#### YOUR ASSIGNMENT:
What you return should match every record exactly, with the images removed.

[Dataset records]
============

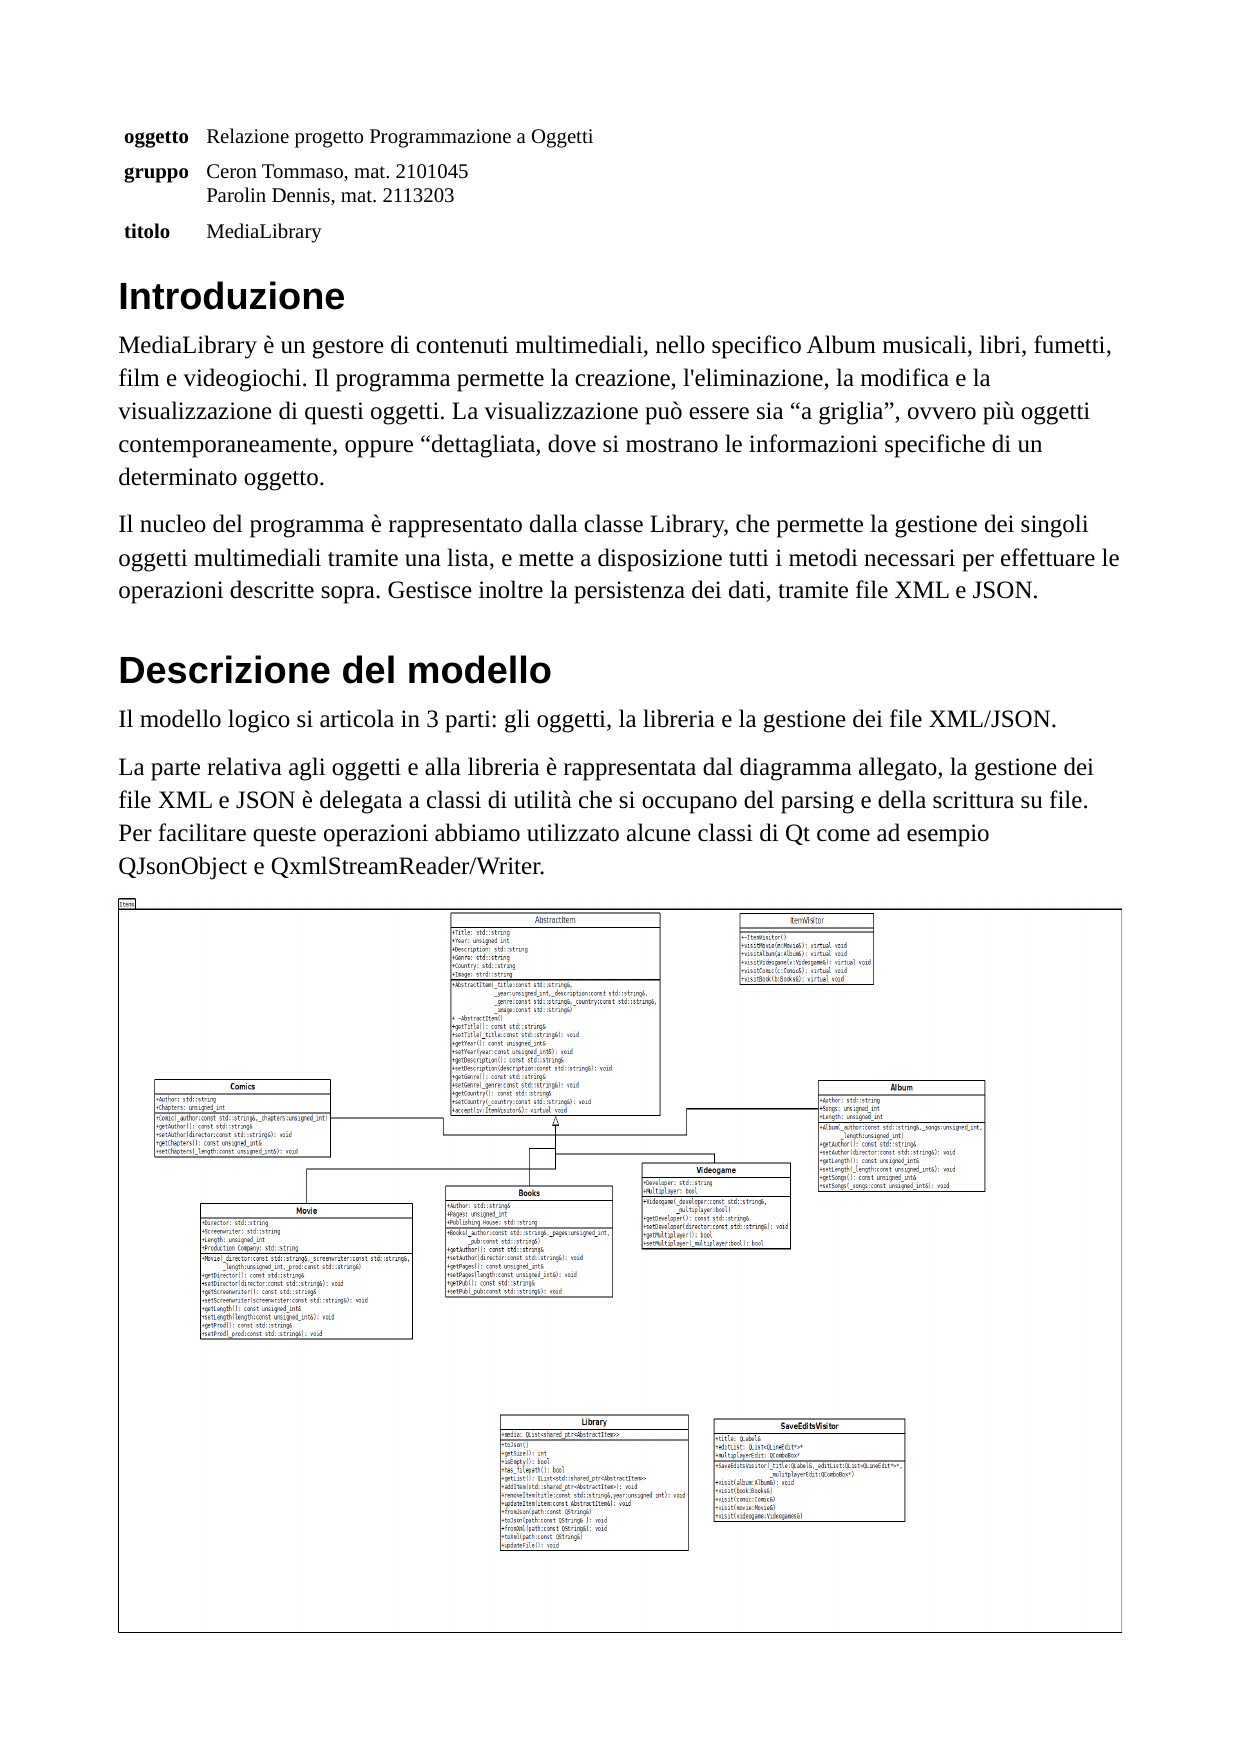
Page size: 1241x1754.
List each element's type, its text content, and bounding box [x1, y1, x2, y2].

text Il modello logico si articola in 3 parti: gli oggetti, la libreria e la gestione dei file XML/JSON. [118, 704, 1122, 733]
text MediaLibrary è un gestore di contenuti multimediali, nello specifico Album musicali, libri, fumetti, film e videogiochi. Il programma permette la creazione, l'eliminazione, la modifica e la visualizzazione di questi oggetti. La visualizzazione può essere sia “a griglia”, ovvero più oggetti contemporaneamente, oppure “dettagliata, dove si mostrano le informazioni specifiche di un determinato oggetto. [118, 330, 1122, 491]
table_cell Ceron Tommaso, mat. 2101045 Parolin Dennis, mat. 2113203 [200, 154, 1122, 213]
picture [118, 898, 1123, 1634]
table_cell gruppo [118, 154, 200, 213]
text Il nucleo del programma è rappresentato dalla classe Library, che permette la gestione dei singoli oggetti multimediali tramite una lista, e mette a disposizione tutti i metodi necessari per effettuare le operazioni descritte sopra. Gestisce inoltre la persistenza dei dati, tramite file XML e JSON. [118, 509, 1122, 604]
subtitle Descrizione del modello [118, 648, 1122, 692]
table_header Relazione progetto Programmazione a Oggetti [200, 118, 1122, 154]
table_cell MediaLibrary [200, 213, 1122, 249]
table_header oggetto [118, 118, 200, 154]
subtitle Introduzione [118, 274, 1122, 317]
table_cell titolo [118, 213, 200, 249]
text La parte relativa agli oggetti e alla libreria è rappresentata dal diagramma allegato, la gestione dei file XML e JSON è delegata a classi di utilità che si occupano del parsing e della scrittura su file. Per facilitare queste operazioni abbiamo utilizzato alcune classi di Qt come ad esempio QJsonObject e QxmlStreamReader/Writer. [118, 752, 1122, 880]

============

#### COMPLETED TASK:
Page size: 1241x1754.
List each element's type, its text content, and bounding box [x1, y1, x2, y2].

text Il modello logico si articola in 3 parti: gli oggetti, la libreria e la gestione dei file XML/JSON. [118, 704, 1122, 733]
text MediaLibrary è un gestore di contenuti multimediali, nello specifico Album musicali, libri, fumetti, film e videogiochi. Il programma permette la creazione, l'eliminazione, la modifica e la visualizzazione di questi oggetti. La visualizzazione può essere sia “a griglia”, ovvero più oggetti contemporaneamente, oppure “dettagliata, dove si mostrano le informazioni specifiche di un determinato oggetto. [118, 330, 1122, 491]
table_cell Ceron Tommaso, mat. 2101045 Parolin Dennis, mat. 2113203 [200, 154, 1122, 213]
picture [118, 898, 1123, 1634]
table_cell gruppo [118, 154, 200, 213]
text Il nucleo del programma è rappresentato dalla classe Library, che permette la gestione dei singoli oggetti multimediali tramite una lista, e mette a disposizione tutti i metodi necessari per effettuare le operazioni descritte sopra. Gestisce inoltre la persistenza dei dati, tramite file XML e JSON. [118, 509, 1122, 604]
subtitle Descrizione del modello [118, 648, 1122, 692]
table_header Relazione progetto Programmazione a Oggetti [200, 118, 1122, 154]
table_cell MediaLibrary [200, 213, 1122, 249]
table_header oggetto [118, 118, 200, 154]
subtitle Introduzione [118, 274, 1122, 317]
table_cell titolo [118, 213, 200, 249]
text La parte relativa agli oggetti e alla libreria è rappresentata dal diagramma allegato, la gestione dei file XML e JSON è delegata a classi di utilità che si occupano del parsing e della scrittura su file. Per facilitare queste operazioni abbiamo utilizzato alcune classi di Qt come ad esempio QJsonObject e QxmlStreamReader/Writer. [118, 752, 1122, 880]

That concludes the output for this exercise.